Corporate News


Local cement maker Holcim expects volume sales growth to slow in 2011




Posted on April 25, 2011


HOLCIM PHILIPPINES, Inc. expects cement sales volume to grow at a slower pace this year amid projections of lower public sector spending, officials said last week.

HOLCIM Philippines, Inc. expects volume sales to grow by 3%-5% this year versus 10% in 2010 amid projections of lower government spending for construction projects.
This comes after the local arm of the Swiss manufacturing giant already recorded slower net income growth in 2010 after output was crippled by power outages in Mindanao.

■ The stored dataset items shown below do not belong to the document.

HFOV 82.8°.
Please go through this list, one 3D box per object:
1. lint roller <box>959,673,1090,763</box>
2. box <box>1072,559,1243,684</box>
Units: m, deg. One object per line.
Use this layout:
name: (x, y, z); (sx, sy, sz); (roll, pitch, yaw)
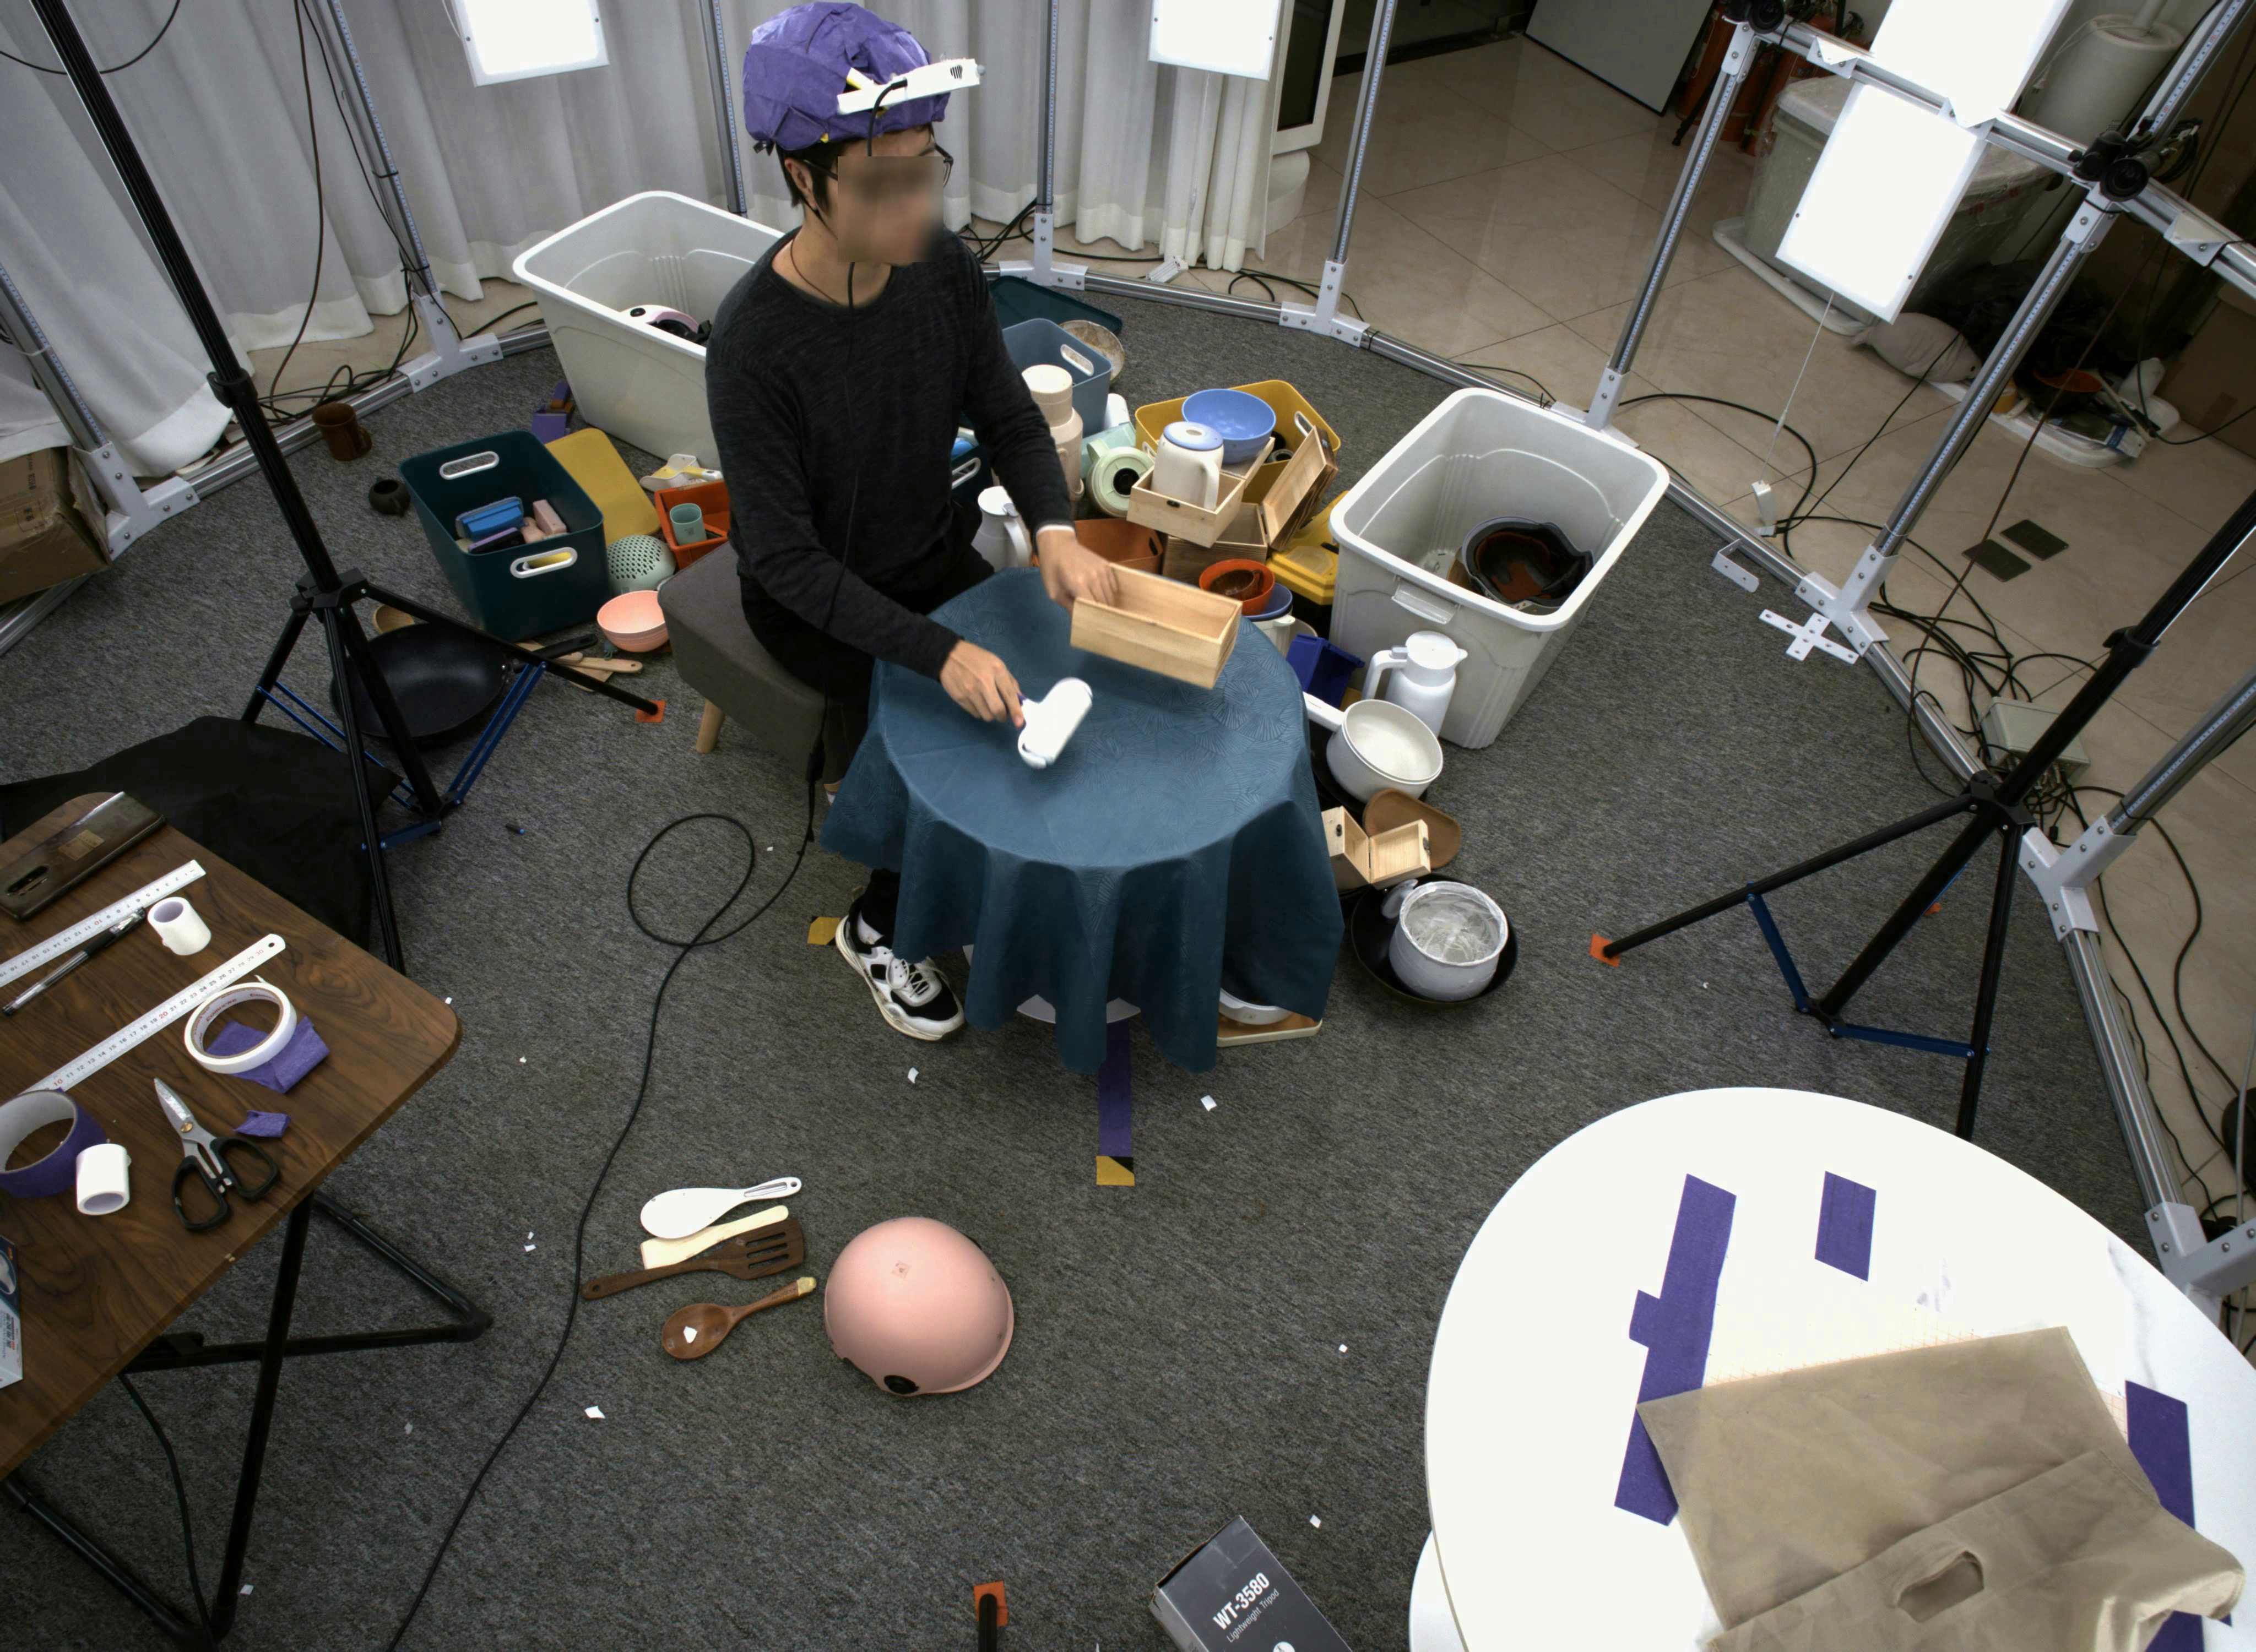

“[Expected volume growth is] 3%-5% for the entire year,” Holcim Philippines Chief Operating Officer Roland van Wijnen said in a briefing.

This is slower than the volume growth of 10% for the company last year, which exceeded the average 7% increase enjoyed by the local industry.

Mr. van Wijnen reasoned that there will be no more election spending this year and less public rehabilitation work.

Furthermore, the effects of the government’s public-private partnership (PPP) program for infrastructure projects won’t be felt by the cement industry this year, he added.

“We believe PPP projects will not have tremendous impact in 2011 because they have first to be bid out and there are still ground works,” Mr. van Wijnen said.

“In an optimistic scenario, it would start in 2012,” Mr. van Wijnen added.

To cope, the cement maker hinted at raising prices.

“We want to recover the increases in fuel and freight costs,” said Eduardo A. Sahagun, senior vice-president of sales, marketing and distribution.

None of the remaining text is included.